June 10, 2026 | The National Interest

Why the DRC’s Ebola Outbreak Is an American Strategic Failure

The elimination of US aid programs is now undermining the US commercial strategy in Africa.
June 10, 2026 | The National Interest

Why the DRC’s Ebola Outbreak Is an American Strategic Failure

The elimination of US aid programs is now undermining the US commercial strategy in Africa.

Excerpt

The Trump administration’s mineral diplomacy in the eastern reaches of the Democratic Republic of the Congo (DRC) is being undermined by a disease outbreak that its own policy decisions helped accelerate. Now, Chinese medical crews are responding to the Ebola virus outbreak—filling the void left by the dismantlement of US global health aid. 

The Ebola outbreak in the DRC is spreading quickly, with roughly 500 confirmed cases. The virus spreads through direct contact with bodily fluids, making healthcare workers, caregivers, and burial workers particularly vulnerable. This outbreak is caused by the Bundibugyo strain, against which the vaccines and therapeutics used in recent outbreaks have not been shown to be effective. Early detection and rapid response are thus critical. Yet the outbreak went undetected for weeks, a failure that experts attribute in part to the gutting of USAID’s health security programs. 

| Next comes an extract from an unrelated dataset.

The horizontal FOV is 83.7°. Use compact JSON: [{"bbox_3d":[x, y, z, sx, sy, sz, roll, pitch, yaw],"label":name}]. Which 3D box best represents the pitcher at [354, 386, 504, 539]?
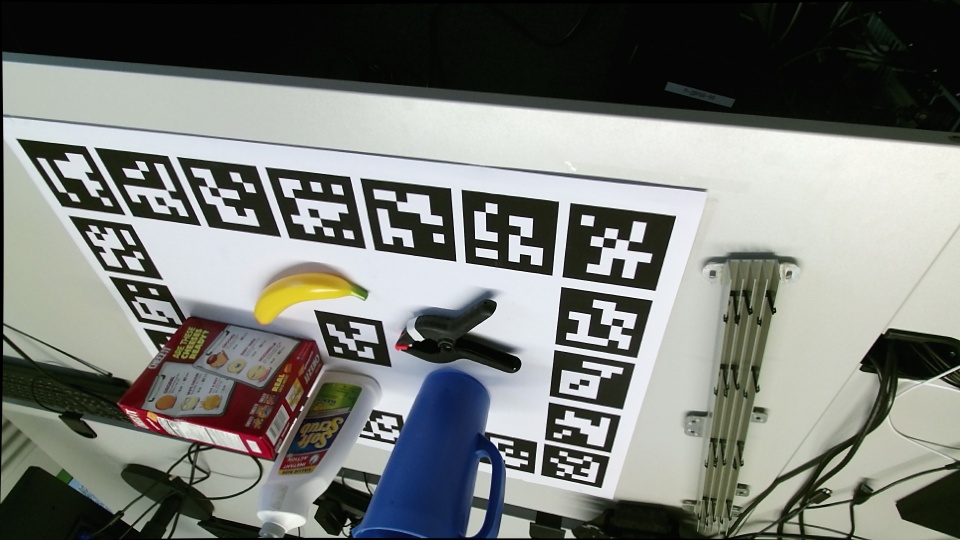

Less appreciated is what this outbreak means for American economic and security interests in the region. The Trump administration has emphasized that the DRC is critical for breaking America’s mineral dependence on China. The region sits atop some of the world’s most significant deposits of the four minerals the US Congress designated as conflict-prone under the Dodd-Frank Act—gold, tin, tantalum, and tungsten—whose extraction and processing underpin the global technology economy. The DRC also holds roughly 70 percent of the world’s known cobalt deposits—a mineral essential for electric vehicle batteries. 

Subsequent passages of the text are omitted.